(Stored data entries)
########################################

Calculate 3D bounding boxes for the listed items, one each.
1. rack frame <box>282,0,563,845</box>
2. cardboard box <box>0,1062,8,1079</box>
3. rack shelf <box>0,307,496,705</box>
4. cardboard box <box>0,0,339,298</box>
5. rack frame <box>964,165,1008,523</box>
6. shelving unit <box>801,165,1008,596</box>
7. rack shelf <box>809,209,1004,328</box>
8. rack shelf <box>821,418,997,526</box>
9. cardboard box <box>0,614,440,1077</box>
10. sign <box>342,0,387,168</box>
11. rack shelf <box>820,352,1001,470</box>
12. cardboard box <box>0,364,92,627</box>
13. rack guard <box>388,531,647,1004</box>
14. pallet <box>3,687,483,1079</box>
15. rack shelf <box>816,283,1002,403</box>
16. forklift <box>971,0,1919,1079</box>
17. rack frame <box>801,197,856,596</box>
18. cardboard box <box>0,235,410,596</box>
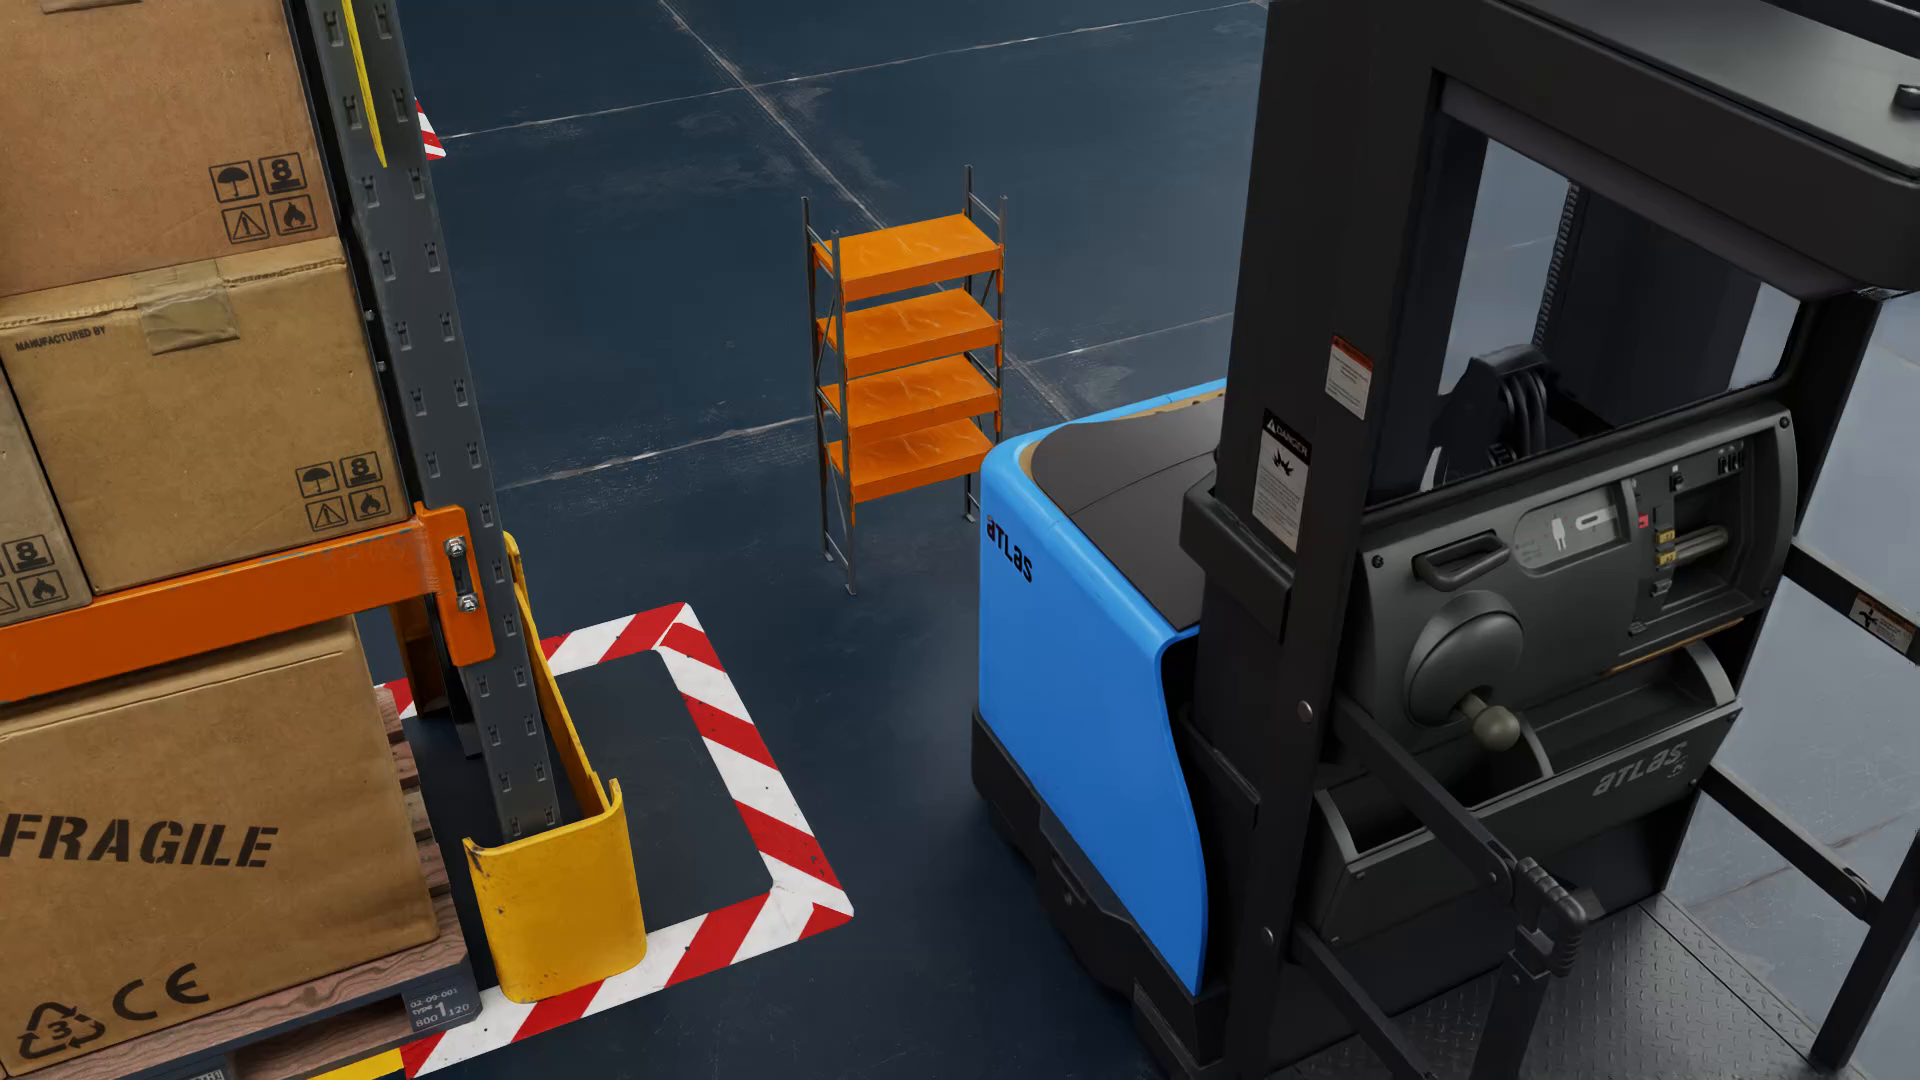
[{"bbox_3d":[-1.146,-0.479,3.379,0.127,3.000,1.000,-16,39,-20],"label":"rack frame"},{"bbox_3d":[-2.527,0.636,3.305,0.875,0.875,0.875,-16,40,-21],"label":"cardboard box"},{"bbox_3d":[-2.956,0.316,2.910,4.000,0.370,1.077,-16,39,-20],"label":"rack shelf"},{"bbox_3d":[-1.498,-0.900,2.914,0.550,0.550,0.875,-16,39,-20],"label":"cardboard box"},{"bbox_3d":[0.071,-0.502,4.919,0.015,1.200,0.240,-16,39,-20],"label":"rack frame"},{"bbox_3d":[-0.150,-0.440,4.836,0.503,1.200,0.258,-16,39,-20],"label":"shelving unit"},{"bbox_3d":[-0.150,-0.756,4.602,0.480,0.148,0.258,-16,39,-20],"label":"rack shelf"},{"bbox_3d":[-0.150,-0.226,4.994,0.480,0.148,0.258,-16,39,-20],"label":"rack shelf"},{"bbox_3d":[-1.731,0.413,3.607,0.875,0.875,0.875,-15,39,-20],"label":"cardboard box"},{"bbox_3d":[-0.928,-0.744,2.564,0.005,0.325,0.100,-16,39,-20],"label":"sign"},{"bbox_3d":[-0.150,-0.386,4.876,0.480,0.148,0.258,-16,39,-20],"label":"rack shelf"},{"bbox_3d":[-1.951,-0.270,2.971,0.550,0.550,0.875,-16,39,-20],"label":"cardboard box"},{"bbox_3d":[-1.124,0.518,4.131,0.348,0.500,1.175,-16,39,-20],"label":"rack guard"},{"bbox_3d":[-1.836,0.885,3.880,1.213,0.211,1.003,-16,39,-20],"label":"pallet"},{"bbox_3d":[-0.150,-0.566,4.743,0.480,0.148,0.258,-16,39,-20],"label":"rack shelf"},{"bbox_3d":[1.146,0.124,2.622,1.130,2.935,3.031,-17,40,-21],"label":"forklift"},{"bbox_3d":[-0.371,-0.378,4.753,0.015,1.200,0.240,-16,39,-20],"label":"rack frame"},{"bbox_3d":[-1.462,-0.421,3.174,0.550,0.550,0.875,-16,39,-20],"label":"cardboard box"}]

########################################

Repeat the data exactly. Pictures should not appear.

● **Answer below**:
Calculate 3D bounding boxes for the listed items, one each.
1. rack frame <box>282,0,563,845</box>
2. cardboard box <box>0,1062,8,1079</box>
3. rack shelf <box>0,307,496,705</box>
4. cardboard box <box>0,0,339,298</box>
5. rack frame <box>964,165,1008,523</box>
6. shelving unit <box>801,165,1008,596</box>
7. rack shelf <box>809,209,1004,328</box>
8. rack shelf <box>821,418,997,526</box>
9. cardboard box <box>0,614,440,1077</box>
10. sign <box>342,0,387,168</box>
11. rack shelf <box>820,352,1001,470</box>
12. cardboard box <box>0,364,92,627</box>
13. rack guard <box>388,531,647,1004</box>
14. pallet <box>3,687,483,1079</box>
15. rack shelf <box>816,283,1002,403</box>
16. forklift <box>971,0,1919,1079</box>
17. rack frame <box>801,197,856,596</box>
18. cardboard box <box>0,235,410,596</box>
[{"bbox_3d":[-1.146,-0.479,3.379,0.127,3.000,1.000,-16,39,-20],"label":"rack frame"},{"bbox_3d":[-2.527,0.636,3.305,0.875,0.875,0.875,-16,40,-21],"label":"cardboard box"},{"bbox_3d":[-2.956,0.316,2.910,4.000,0.370,1.077,-16,39,-20],"label":"rack shelf"},{"bbox_3d":[-1.498,-0.900,2.914,0.550,0.550,0.875,-16,39,-20],"label":"cardboard box"},{"bbox_3d":[0.071,-0.502,4.919,0.015,1.200,0.240,-16,39,-20],"label":"rack frame"},{"bbox_3d":[-0.150,-0.440,4.836,0.503,1.200,0.258,-16,39,-20],"label":"shelving unit"},{"bbox_3d":[-0.150,-0.756,4.602,0.480,0.148,0.258,-16,39,-20],"label":"rack shelf"},{"bbox_3d":[-0.150,-0.226,4.994,0.480,0.148,0.258,-16,39,-20],"label":"rack shelf"},{"bbox_3d":[-1.731,0.413,3.607,0.875,0.875,0.875,-15,39,-20],"label":"cardboard box"},{"bbox_3d":[-0.928,-0.744,2.564,0.005,0.325,0.100,-16,39,-20],"label":"sign"},{"bbox_3d":[-0.150,-0.386,4.876,0.480,0.148,0.258,-16,39,-20],"label":"rack shelf"},{"bbox_3d":[-1.951,-0.270,2.971,0.550,0.550,0.875,-16,39,-20],"label":"cardboard box"},{"bbox_3d":[-1.124,0.518,4.131,0.348,0.500,1.175,-16,39,-20],"label":"rack guard"},{"bbox_3d":[-1.836,0.885,3.880,1.213,0.211,1.003,-16,39,-20],"label":"pallet"},{"bbox_3d":[-0.150,-0.566,4.743,0.480,0.148,0.258,-16,39,-20],"label":"rack shelf"},{"bbox_3d":[1.146,0.124,2.622,1.130,2.935,3.031,-17,40,-21],"label":"forklift"},{"bbox_3d":[-0.371,-0.378,4.753,0.015,1.200,0.240,-16,39,-20],"label":"rack frame"},{"bbox_3d":[-1.462,-0.421,3.174,0.550,0.550,0.875,-16,39,-20],"label":"cardboard box"}]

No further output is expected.